Ces mots désignent un gîte pour les bestiaux généralement situé en montagne. Parfois simple parc entouré d’une barrière de bois ou d’un mur de pierres sèches, il est le plus souvent couvert, incluant l’abri du berger : c’est alors une plus ou moins grande bergerie.
C’est le latin jacere, « être étendu », à l’origine de « gésir », « gisant » et « gîte » en français, qui a particulièrement prospéré en occitan, où le verbe jaçar, « gîter » a donné la forme féminine jaça (francisé en jasse) ou masculine jaç (français jas) pour désigner la place où l’on se couche et, par extension, le gîte et la bergerie. Jasse et jas ont désigné plus spécialement la bergerie construite à l’écart des fermes et hameaux, où l’on enfermait les troupeaux pour la nuit. Selon certains auteurs, le masculin aurait été appliqué plus précisément aux petites bergeries de montagne, utilisées de juin à octobre, le féminin étant plutôt réservé à la grande bergerie.
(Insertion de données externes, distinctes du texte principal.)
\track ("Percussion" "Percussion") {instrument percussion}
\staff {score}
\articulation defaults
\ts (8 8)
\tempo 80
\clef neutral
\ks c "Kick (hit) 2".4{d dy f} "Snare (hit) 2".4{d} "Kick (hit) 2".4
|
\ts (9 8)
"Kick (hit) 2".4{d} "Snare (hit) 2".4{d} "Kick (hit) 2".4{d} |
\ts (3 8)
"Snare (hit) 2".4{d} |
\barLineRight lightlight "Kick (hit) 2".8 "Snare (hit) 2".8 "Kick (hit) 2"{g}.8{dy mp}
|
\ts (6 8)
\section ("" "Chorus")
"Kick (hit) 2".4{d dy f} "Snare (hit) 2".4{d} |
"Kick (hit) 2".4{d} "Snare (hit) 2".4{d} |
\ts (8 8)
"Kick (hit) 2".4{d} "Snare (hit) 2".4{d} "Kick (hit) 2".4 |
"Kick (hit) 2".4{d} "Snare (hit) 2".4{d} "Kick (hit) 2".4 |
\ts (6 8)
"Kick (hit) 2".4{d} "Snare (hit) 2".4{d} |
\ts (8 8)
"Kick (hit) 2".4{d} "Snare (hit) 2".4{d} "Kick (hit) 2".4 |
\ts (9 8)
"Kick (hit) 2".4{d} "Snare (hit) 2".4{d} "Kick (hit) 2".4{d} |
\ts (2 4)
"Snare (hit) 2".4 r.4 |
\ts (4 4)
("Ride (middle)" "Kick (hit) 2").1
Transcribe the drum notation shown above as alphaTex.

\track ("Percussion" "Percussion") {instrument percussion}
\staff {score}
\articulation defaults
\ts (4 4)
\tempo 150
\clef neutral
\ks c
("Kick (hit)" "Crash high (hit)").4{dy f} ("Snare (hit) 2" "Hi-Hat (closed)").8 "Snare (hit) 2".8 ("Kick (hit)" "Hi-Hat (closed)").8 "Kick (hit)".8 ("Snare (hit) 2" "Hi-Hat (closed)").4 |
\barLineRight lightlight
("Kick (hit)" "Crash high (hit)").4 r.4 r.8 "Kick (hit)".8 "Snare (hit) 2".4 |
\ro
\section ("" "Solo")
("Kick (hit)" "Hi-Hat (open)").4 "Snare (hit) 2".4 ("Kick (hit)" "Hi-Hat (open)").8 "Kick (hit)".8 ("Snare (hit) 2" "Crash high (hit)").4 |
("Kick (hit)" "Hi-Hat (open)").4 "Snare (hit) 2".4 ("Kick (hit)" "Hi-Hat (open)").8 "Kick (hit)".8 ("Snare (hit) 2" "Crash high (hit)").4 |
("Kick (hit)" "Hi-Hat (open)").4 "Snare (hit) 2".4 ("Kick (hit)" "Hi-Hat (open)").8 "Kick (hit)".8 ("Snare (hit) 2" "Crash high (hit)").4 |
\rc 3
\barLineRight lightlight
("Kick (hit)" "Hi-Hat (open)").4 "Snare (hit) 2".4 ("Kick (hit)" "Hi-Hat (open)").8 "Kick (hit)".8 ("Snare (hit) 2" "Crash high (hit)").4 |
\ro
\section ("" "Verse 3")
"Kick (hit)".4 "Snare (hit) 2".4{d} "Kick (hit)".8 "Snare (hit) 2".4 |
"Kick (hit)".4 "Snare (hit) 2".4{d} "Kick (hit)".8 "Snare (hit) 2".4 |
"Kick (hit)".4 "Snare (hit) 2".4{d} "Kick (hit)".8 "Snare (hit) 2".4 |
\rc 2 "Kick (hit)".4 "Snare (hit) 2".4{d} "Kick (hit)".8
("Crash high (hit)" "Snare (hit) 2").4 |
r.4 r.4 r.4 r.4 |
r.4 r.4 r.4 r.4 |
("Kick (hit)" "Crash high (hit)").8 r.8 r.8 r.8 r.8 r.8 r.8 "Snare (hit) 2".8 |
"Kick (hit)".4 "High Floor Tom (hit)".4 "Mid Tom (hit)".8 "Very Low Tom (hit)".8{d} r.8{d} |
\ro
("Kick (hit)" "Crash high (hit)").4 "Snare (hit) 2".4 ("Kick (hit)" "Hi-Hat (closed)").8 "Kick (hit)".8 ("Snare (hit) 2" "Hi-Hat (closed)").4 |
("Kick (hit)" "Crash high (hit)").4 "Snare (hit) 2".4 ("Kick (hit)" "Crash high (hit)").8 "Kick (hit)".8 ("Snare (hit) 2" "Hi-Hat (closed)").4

Ces noms ont fourni de nombreux toponymes des Pyrénées aux Alpes en passant par le Massif Central, en très grande majorité des noms de hameaux, écarts ou lieux-dits et très peu de noms de communes (puisque le jas était construit à l’écart du village existant, voire en montagne et alors non utilisé en permanence). Même si ces noms peuvent encore être vivants dans certains parlers locaux, le tourisme les a fait renaitre ailleurs, notamment en haute Provence, pour des gîtes ruraux ou des chambres d’hôte.
Comme souvent quand les toponymes sont très nombreux, je ne m’intéresserai qu’à ceux désignant des lieux habités.
Jas
Plusieurs communes portent un nom dérivé de jas, ce qui implique qu’un habitat conséquent, devenu hameau puis village ou ville, s’est bâti autour de la bergerie initiale.
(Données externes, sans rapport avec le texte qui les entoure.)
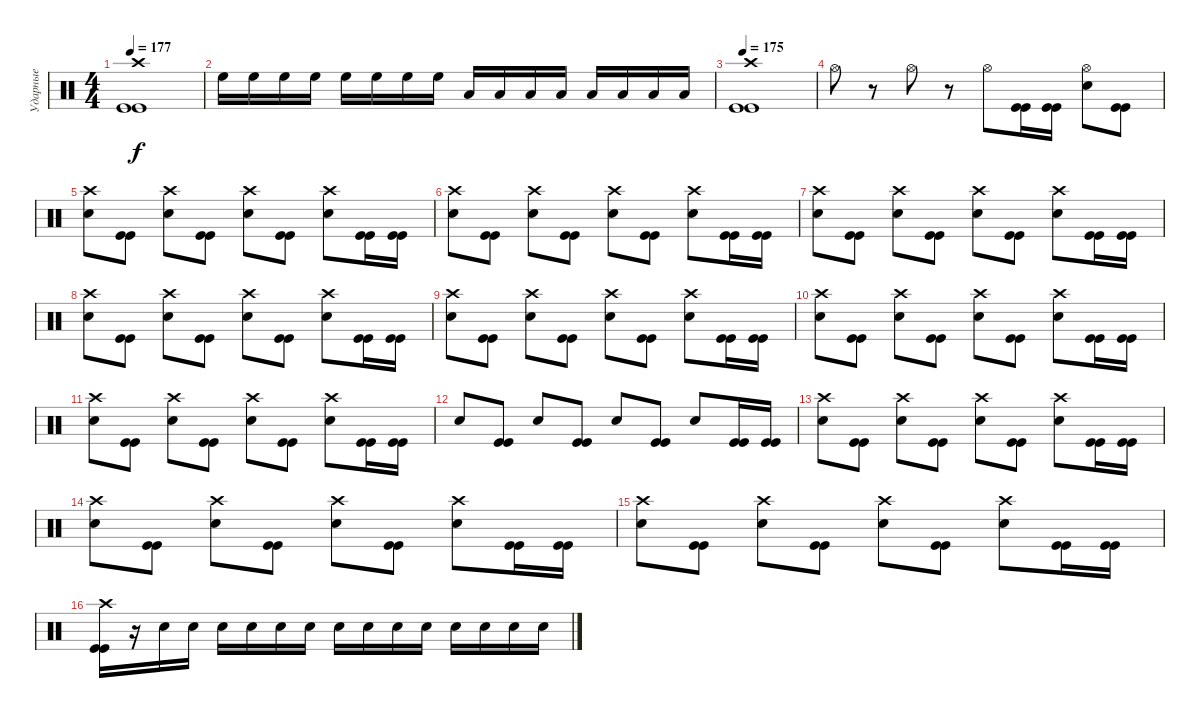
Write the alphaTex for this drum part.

C’est le cas avec certitude de Jas (Jaas en 1090) et de Jax, toutes deux en Haute-Loire.
La grande majorité des spécialistes s’accordent aujourd’hui pour voir dans le nom d’Ajaccio (Corse-du-Sud), attesté sous la forme adjectivale Adiacensis en 601, un latin tardif *ad-jacium, « gîte d’un animal ; parc d’animaux ». Ce nom est transcrit Adiazzo sur des cartes italiennes des XVIIè et XVIIIè siècles mais La Hiace sur une carte française de 1719, graphie plus proche de la prononciation corse malgré la mécoupure. La graphie Ajaccio ne s’imposera qu’au cours du XVIIè siècle.
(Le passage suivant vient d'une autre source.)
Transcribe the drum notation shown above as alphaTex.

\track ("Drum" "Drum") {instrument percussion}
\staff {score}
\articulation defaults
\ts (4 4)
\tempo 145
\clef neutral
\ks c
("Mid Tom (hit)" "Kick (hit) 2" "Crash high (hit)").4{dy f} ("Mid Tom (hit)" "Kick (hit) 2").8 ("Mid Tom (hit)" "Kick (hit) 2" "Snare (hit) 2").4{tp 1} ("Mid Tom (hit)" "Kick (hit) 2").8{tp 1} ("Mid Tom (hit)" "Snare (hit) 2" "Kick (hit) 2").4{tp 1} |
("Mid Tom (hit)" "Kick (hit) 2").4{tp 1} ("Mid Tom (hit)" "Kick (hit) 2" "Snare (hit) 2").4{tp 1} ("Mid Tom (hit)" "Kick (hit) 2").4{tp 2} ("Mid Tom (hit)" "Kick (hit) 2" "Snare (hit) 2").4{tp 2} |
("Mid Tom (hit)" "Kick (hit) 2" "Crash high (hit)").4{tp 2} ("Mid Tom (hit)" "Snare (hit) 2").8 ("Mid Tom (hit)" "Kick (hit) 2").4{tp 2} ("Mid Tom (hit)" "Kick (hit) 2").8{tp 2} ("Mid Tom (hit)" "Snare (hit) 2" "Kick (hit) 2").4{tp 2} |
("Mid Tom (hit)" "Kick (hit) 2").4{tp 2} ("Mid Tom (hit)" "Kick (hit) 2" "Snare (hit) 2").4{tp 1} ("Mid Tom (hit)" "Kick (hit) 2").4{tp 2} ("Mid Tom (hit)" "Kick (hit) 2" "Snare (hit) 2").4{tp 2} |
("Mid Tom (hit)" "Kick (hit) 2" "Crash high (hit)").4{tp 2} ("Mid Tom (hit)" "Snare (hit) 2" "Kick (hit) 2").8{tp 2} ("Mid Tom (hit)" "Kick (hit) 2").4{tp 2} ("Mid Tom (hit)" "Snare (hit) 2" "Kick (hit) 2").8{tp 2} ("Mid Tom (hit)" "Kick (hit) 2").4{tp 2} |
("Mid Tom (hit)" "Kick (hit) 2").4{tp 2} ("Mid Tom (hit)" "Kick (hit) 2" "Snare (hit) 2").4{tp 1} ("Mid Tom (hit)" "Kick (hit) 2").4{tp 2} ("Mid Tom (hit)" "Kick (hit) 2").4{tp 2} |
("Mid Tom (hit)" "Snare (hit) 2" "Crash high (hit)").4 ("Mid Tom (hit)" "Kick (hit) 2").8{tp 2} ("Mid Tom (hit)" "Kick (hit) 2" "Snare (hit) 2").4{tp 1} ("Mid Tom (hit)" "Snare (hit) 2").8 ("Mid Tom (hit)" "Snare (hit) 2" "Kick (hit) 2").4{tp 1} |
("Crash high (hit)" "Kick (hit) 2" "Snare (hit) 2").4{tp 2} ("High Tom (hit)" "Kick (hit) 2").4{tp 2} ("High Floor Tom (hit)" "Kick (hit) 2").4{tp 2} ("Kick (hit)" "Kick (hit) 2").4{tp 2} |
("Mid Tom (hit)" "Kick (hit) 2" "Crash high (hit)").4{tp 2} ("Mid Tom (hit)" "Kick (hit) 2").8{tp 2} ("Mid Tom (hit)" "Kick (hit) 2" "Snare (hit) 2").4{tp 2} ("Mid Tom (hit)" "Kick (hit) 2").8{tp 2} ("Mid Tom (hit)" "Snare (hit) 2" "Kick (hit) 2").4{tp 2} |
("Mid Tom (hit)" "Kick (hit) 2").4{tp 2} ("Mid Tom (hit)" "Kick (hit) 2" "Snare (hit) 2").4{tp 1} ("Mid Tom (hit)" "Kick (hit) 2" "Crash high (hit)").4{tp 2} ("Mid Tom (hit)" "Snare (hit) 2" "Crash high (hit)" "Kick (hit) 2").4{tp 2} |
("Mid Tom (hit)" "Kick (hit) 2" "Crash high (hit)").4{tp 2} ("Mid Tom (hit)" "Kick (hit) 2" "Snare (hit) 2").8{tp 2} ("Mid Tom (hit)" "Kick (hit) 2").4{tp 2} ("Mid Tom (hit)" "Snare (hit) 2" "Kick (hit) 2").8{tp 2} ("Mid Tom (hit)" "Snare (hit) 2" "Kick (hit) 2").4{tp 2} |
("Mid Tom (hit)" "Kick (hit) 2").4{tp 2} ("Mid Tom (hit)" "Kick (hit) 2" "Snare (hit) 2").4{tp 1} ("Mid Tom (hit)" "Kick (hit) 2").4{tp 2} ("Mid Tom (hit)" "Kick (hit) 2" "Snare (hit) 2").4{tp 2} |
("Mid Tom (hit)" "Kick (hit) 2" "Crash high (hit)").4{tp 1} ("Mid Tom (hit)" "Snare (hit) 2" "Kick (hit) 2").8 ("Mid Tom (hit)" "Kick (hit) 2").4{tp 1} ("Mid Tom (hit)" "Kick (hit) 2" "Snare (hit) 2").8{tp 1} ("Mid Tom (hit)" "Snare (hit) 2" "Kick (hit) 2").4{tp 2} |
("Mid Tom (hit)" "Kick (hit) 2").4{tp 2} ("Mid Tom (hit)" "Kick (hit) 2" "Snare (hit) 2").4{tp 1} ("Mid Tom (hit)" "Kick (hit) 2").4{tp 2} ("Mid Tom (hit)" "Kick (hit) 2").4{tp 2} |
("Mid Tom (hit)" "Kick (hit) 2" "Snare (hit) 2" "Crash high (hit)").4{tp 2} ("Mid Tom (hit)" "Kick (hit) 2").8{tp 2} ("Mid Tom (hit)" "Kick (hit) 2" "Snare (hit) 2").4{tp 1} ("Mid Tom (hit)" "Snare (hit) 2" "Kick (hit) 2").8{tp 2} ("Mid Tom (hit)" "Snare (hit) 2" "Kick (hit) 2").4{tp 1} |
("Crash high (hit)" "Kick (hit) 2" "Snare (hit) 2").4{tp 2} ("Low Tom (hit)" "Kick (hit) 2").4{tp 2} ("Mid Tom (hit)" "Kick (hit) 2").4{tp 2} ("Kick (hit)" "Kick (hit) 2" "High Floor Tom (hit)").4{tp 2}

Le nom de Gex (Ain) est un peu plus complexe à analyser, les formes anciennes semblant contradictoires. À partir d’une première forme de Gayo en 1124, certains ont émis l’hypothèse d’un nom d’homme latin, Gaius (DENLF*, DNL*) ou Cajaccius avec aphérèse (TGF*). La seconde forme Gaz en 1128 pourrait faire penser à un dérivé de vadum, « gué ». La troisième forme Gaix en 1137 est la forme romane du Gayo de 1124 qui se révèle être une latinisation qui ne peut pas être issue d’un Gaius ou Cajaccius dont les finales n’auraient pas pu évoluer en –z ou –x. Reste donc l’hypothèse d’un *jacium, « gîte d’un animal , parc d’animaux » : les attestations les plus anciennes sont une latinisation d’une forme gallo-romane Jais (attestée en 1267) qui évoluera en Jez (1293). On sait que, dans les sources médiévales latines, le g– devant –a est fréquemment utilisé à la place du j- étymologique. La formé définitive Gex est attestée à partir de 1559 (DNLF*).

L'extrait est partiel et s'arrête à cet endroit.